Leave every picture out and return the rest of the listing verbatim.

▶ _Source material_

Segment Open

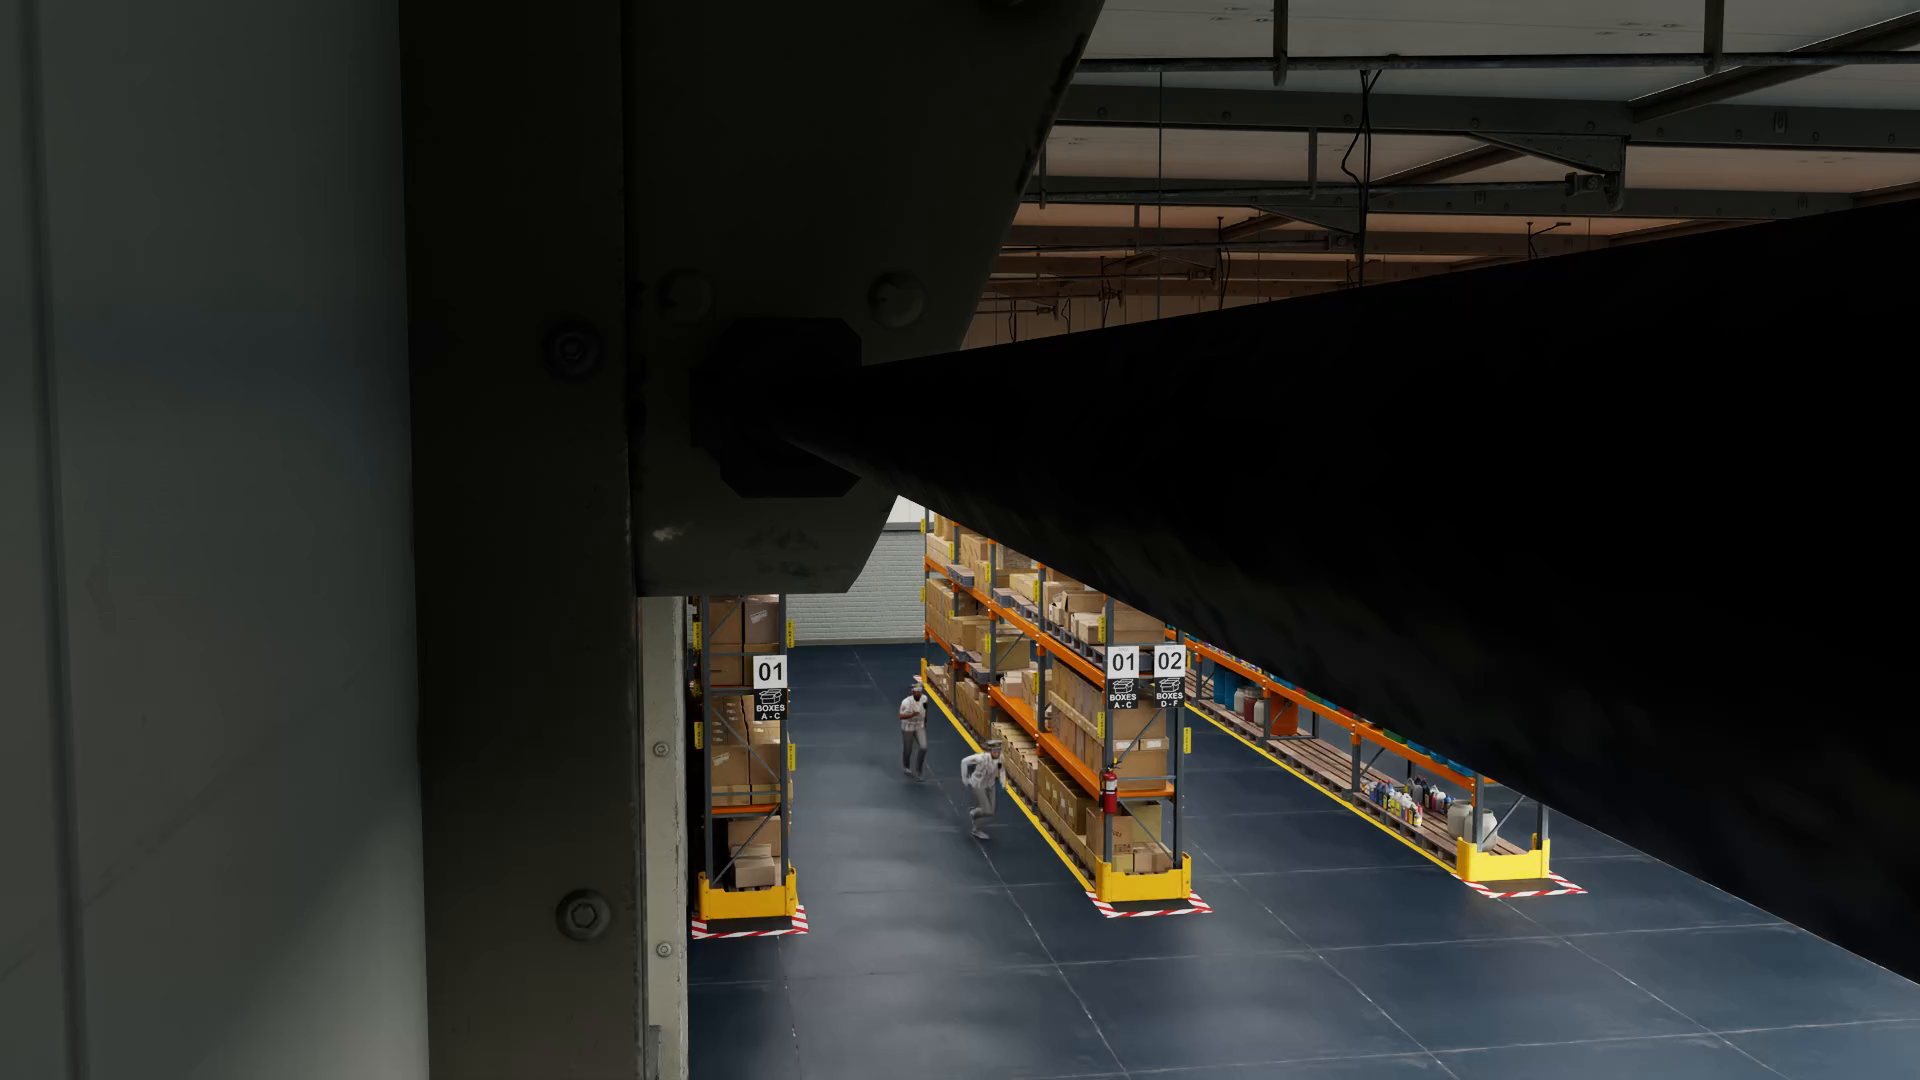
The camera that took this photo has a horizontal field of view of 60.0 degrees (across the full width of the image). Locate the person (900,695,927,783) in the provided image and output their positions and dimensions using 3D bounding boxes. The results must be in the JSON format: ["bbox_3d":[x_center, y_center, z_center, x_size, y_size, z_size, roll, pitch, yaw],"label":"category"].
[{"bbox_3d":[-0.775,3.216,27.257,0.526,1.446,0.820,-1,5,-16],"label":"person"}]

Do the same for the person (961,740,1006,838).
[{"bbox_3d":[0.340,3.531,23.495,0.641,1.491,0.749,-3,6,-29],"label":"person"}]

Segment Closed

▶ _Written response_
The camera that took this photo has a horizontal field of view of 60.0 degrees (across the full width of the image). Locate the person (900,695,927,783) in the provided image and output their positions and dimensions using 3D bounding boxes. The results must be in the JSON format: ["bbox_3d":[x_center, y_center, z_center, x_size, y_size, z_size, roll, pitch, yaw],"label":"category"].
[{"bbox_3d":[-0.775,3.216,27.257,0.526,1.446,0.820,-1,5,-16],"label":"person"}]

Do the same for the person (961,740,1006,838).
[{"bbox_3d":[0.340,3.531,23.495,0.641,1.491,0.749,-3,6,-29],"label":"person"}]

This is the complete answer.